#### DATA SHOWN
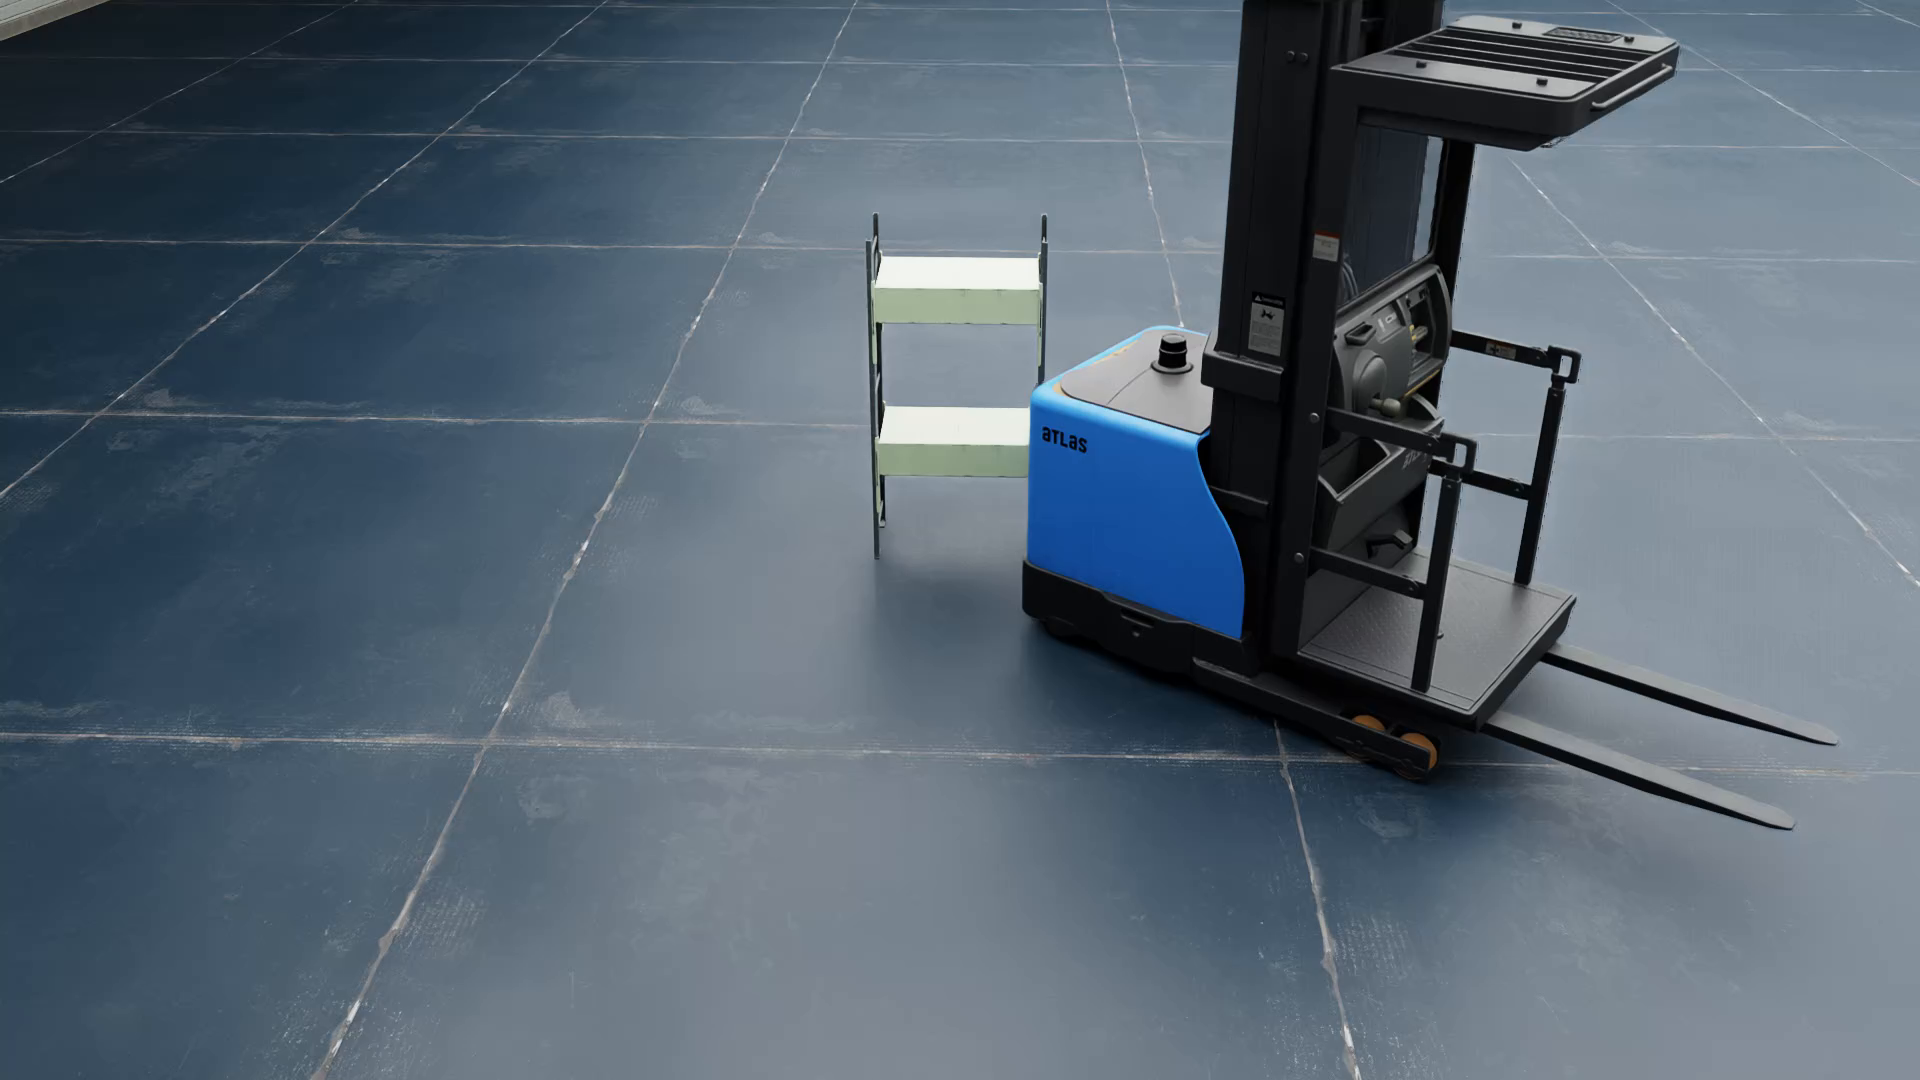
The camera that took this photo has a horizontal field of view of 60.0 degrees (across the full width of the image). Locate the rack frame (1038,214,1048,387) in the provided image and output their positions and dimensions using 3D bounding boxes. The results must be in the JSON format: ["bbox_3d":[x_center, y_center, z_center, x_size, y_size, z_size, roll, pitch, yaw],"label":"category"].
[{"bbox_3d":[0.359,-0.657,7.388,0.023,1.500,0.400,1,28,2],"label":"rack frame"}]

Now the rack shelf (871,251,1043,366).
[{"bbox_3d":[-0.007,-1.008,7.216,0.720,0.370,0.431,1,28,2],"label":"rack shelf"}]

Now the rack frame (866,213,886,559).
[{"bbox_3d":[-0.372,-0.669,7.410,0.023,1.500,0.400,1,28,2],"label":"rack frame"}]

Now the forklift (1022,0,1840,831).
[{"bbox_3d":[1.741,-0.700,5.941,3.031,2.935,1.130,20,34,33],"label":"forklift"}]

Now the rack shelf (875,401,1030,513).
[{"bbox_3d":[-0.007,-0.375,7.552,0.720,0.370,0.431,1,28,2],"label":"rack shelf"}]

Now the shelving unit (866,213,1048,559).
[{"bbox_3d":[-0.007,-0.663,7.399,0.755,1.500,0.431,1,28,2],"label":"shelving unit"}]

#### TASK INSTRUCTIONS
Write out every line above exactly, minus images.

#### TASK RESULT
The camera that took this photo has a horizontal field of view of 60.0 degrees (across the full width of the image). Locate the rack frame (1038,214,1048,387) in the provided image and output their positions and dimensions using 3D bounding boxes. The results must be in the JSON format: ["bbox_3d":[x_center, y_center, z_center, x_size, y_size, z_size, roll, pitch, yaw],"label":"category"].
[{"bbox_3d":[0.359,-0.657,7.388,0.023,1.500,0.400,1,28,2],"label":"rack frame"}]

Now the rack shelf (871,251,1043,366).
[{"bbox_3d":[-0.007,-1.008,7.216,0.720,0.370,0.431,1,28,2],"label":"rack shelf"}]

Now the rack frame (866,213,886,559).
[{"bbox_3d":[-0.372,-0.669,7.410,0.023,1.500,0.400,1,28,2],"label":"rack frame"}]

Now the forklift (1022,0,1840,831).
[{"bbox_3d":[1.741,-0.700,5.941,3.031,2.935,1.130,20,34,33],"label":"forklift"}]

Now the rack shelf (875,401,1030,513).
[{"bbox_3d":[-0.007,-0.375,7.552,0.720,0.370,0.431,1,28,2],"label":"rack shelf"}]

Now the shelving unit (866,213,1048,559).
[{"bbox_3d":[-0.007,-0.663,7.399,0.755,1.500,0.431,1,28,2],"label":"shelving unit"}]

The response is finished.